Balancing Darkness with Humour and Hope: Kendare Blake Gets Real with her Writing Process 

It’s official! The spooky month is here and Kendare Blake is here to deliver an eerie, bone-chilling tale that might just have you checking the darkest corners of your house. All These Bodies tells the story of an infamous murder mystery titled “The Bloodless Murders”, where multiple people are found dead with their bodies drained of all blood and no explanation. The people in the middle of it all? A 15-year-old girl and the 17-year old boy she’ll only tell her story to. I had the opportunity to ask Kendare about where she finds her inspiration for All These Bodies and how she creates a masterful story like this. Blake doesn’t hold back on the creepiness factor in All These Bodies which makes it the perfect balance alongside the thrilling events that occur. A spine-chilling murder mystery mixed with rip-roaring happenings and just a little bit of humour, you won’t want to miss All These Bodies by Kendare Blake! 

Here’s what she shared. 

  1. What inspired you to write a dark story like All These Bodies?

Cue up some Simon and Garfunkel, because darkness is my old friend. Hello, old friend! I can’t get away from it. Four of my novels actually have the word ‘dark’ in them (the Three Dark Crowns series). I do want to mention though, that despite the dark themes and elements, none of my books are ever intended to be grim. I have to balance the darkness with humour and hope. Well, not so much humour in the case of All These Bodies, a vampire-infused twist on true crime, which is just murder, murder, murder, doomed girl, more murder—but there’s still some healing in there, and human connection. 
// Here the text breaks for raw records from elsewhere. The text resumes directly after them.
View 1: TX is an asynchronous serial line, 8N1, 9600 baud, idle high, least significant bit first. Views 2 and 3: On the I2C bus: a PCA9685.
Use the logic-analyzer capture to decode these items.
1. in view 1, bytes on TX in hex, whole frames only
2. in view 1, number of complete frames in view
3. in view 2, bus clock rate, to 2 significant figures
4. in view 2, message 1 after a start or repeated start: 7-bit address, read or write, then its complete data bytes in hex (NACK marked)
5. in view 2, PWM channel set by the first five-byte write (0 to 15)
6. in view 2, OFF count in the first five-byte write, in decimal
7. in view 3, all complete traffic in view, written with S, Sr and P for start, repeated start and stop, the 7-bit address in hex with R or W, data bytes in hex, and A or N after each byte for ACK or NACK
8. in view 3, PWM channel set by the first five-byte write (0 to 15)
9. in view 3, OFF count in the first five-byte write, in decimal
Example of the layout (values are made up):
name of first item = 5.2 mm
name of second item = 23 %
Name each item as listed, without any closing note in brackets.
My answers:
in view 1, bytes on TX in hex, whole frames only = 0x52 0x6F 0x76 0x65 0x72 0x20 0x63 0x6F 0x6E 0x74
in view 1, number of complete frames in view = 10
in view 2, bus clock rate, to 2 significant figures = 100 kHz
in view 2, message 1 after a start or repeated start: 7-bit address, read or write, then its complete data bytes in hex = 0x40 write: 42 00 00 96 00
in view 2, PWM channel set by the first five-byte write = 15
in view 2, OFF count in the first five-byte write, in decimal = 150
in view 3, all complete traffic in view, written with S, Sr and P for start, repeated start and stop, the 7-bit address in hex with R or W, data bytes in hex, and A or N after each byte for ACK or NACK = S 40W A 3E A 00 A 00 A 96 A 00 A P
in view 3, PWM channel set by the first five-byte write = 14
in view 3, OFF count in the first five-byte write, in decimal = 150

2. What did you enjoy most about writing characters like Marie and Michael?

What I like best about Michael is his willingness to listen and learn. He’s a good, earnest kid, with a huge heart who just wants to do the right thing. To do a good job, be a good journalist. Find the truth. 

What I loved most about Marie was her defiance, and her drive to tell her own truth. She’s an accused murderer, and so, hard to like. She’s a girl, so maybe easy to dismiss. She’s an enigma, and she alone knows what happened to all these murdered people. She’s the crux of the story, and she was the hardest character to write, but I loved writing her.

3. Did you draw inspiration from real-world murder mysteries?

All These Bodies was inspired by two real crimes: the murder of the Clutter family in Holcomb, Kansas, which was famously profiled by Truman Capote in his novel, In Cold Blood; and the 11 victim murder spree perpetrated by 19-year-old Charlie Starkweather and his 14-year-old girlfriend, Caril Ann Fugate. Both took place in the late 1950s.

I was mainly interested in Caril: this young girl, practically a child, who insisted she was innocent, and who no one seemed to believe. She was convicted, but her trial was a bit of a farce, and she’d been maligned by the press. In my research of the case, I went back and forth on whether she was guilty or innocent, and I still don’t know. To this day, only Caril really knows the truth. 

4. Are you a crime junkie? If so, do you listen to any crime podcasts, watch crime shows, or read any good books that you would recommend to readers?

I wouldn’t call myself a crime junkie, but I’m probably more morbidly fascinated by murders than most. Reading wise, my own taste runs more toward horror than crime or true crime, but I would certainly recommend Tana French’s In The Woods, for crime readers who love good characterization and masterful storytelling. 

5. What does your writing process look like for writing a mystery?

It looks very similar to writing my other books, except I knew more! Often when I’m writing a novel I have only a vague feeling about what might happen or how it might end—with All These Bodies I knew how it would end, and I knew the truth (the novel gives two possible explanations and it is up to the reader to decide, much like it is up to my narrator, Michael); I had all of the details about every murder. The difficult thing was knowing what to reveal and when. What to hold back without making it obvious what the answer was. Which some readers may find frustrating, considering I don’t actually provide them with the answer outright.

6. When did you know you wanted to become a writer?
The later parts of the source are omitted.